Streaming delivers the first token to the user before the full response is generated. This dramatically improves perceived latency.

Streaming Architecture

sequenceDiagram
    participant Client as Browser Client
    participant APIGW as API Gateway<br/>WebSocket
    participant ECS as ECS Fargate<br/>Orchestrator
    participant Bedrock as Bedrock<br/>Claude 3

    Client->>APIGW: Send query via WebSocket
    APIGW->>ECS: Route to orchestrator

    Note over ECS: Parallel fan-out (RAG + Session + Profile)

    ECS->>Bedrock: invoke_model_with_response_stream()
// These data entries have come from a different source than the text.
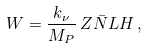Convert formula to latex. <formula><loc_0><loc_0><loc_500><loc_500>W = \frac { k _ { \nu } } { M _ { P } } \, Z \bar { N } L H \, ,</formula> 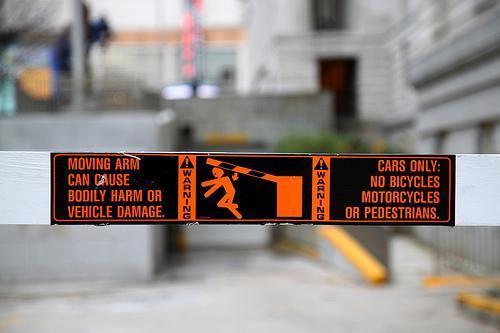How many boards are there?
Give a very brief answer. 1. 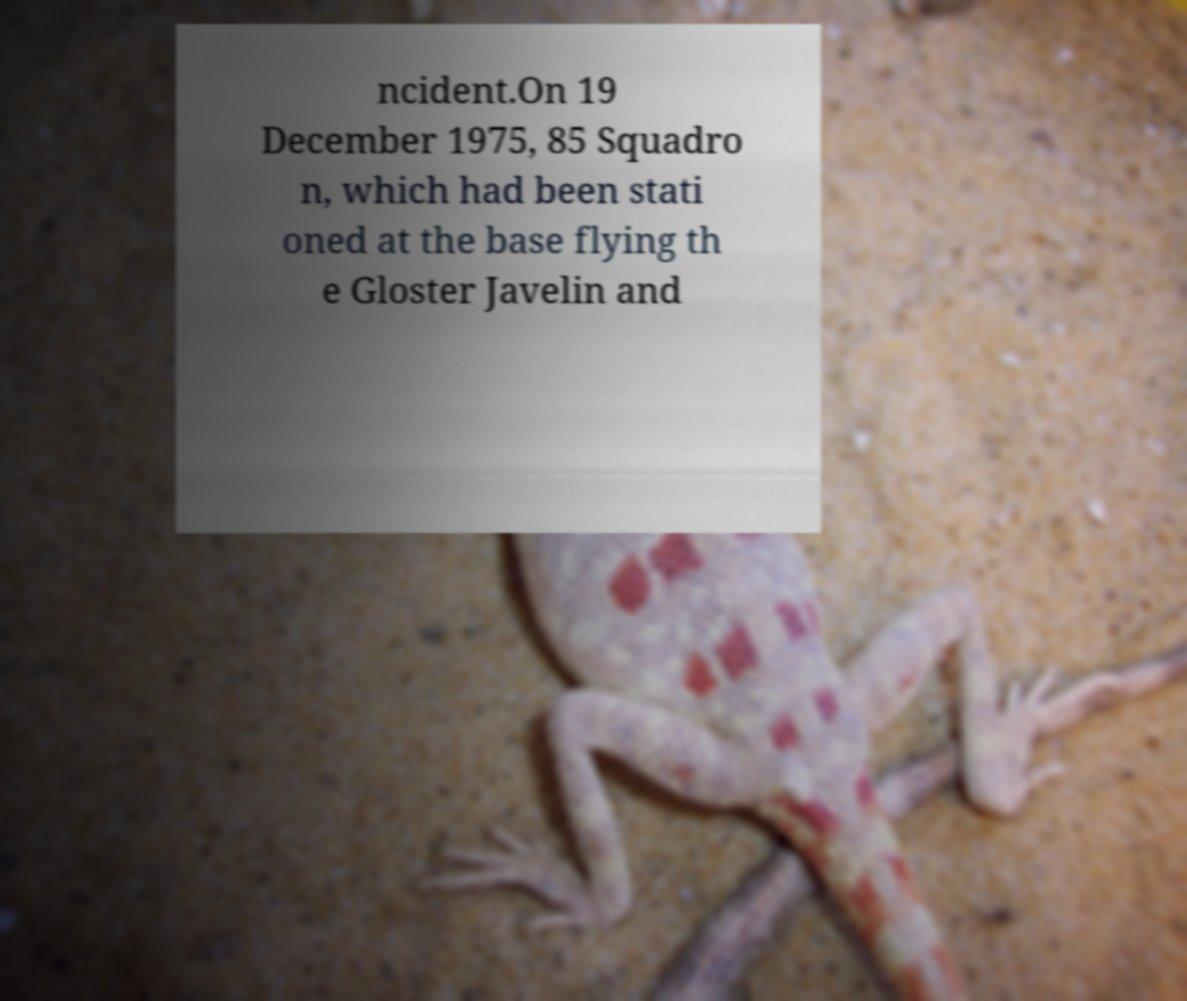Please read and relay the text visible in this image. What does it say? ncident.On 19 December 1975, 85 Squadro n, which had been stati oned at the base flying th e Gloster Javelin and

    loop Each chunk (~50-100 tokens)
        Bedrock-->>ECS: StreamEvent: chunk
        ECS-->>APIGW: WebSocket frame: chunk
        APIGW-->>Client: Render incrementally
    end

    Bedrock-->>ECS: StreamEvent: end
    ECS-->>APIGW: WebSocket frame: [DONE]
    APIGW-->>Client: Finalize rendering

    Note over Client: User saw first token at ~400ms<br/>Full response at ~2.5s

StreamingResponseHandler Implementation

import asyncio
import json
import time
from typing import AsyncIterator

import boto3
from aws_lambda_powertools import Logger, Metrics, Tracer

logger = Logger(service="mangaassist-streaming")
tracer = Tracer(service="mangaassist-streaming")
metrics = Metrics(namespace="MangaAssist/Streaming")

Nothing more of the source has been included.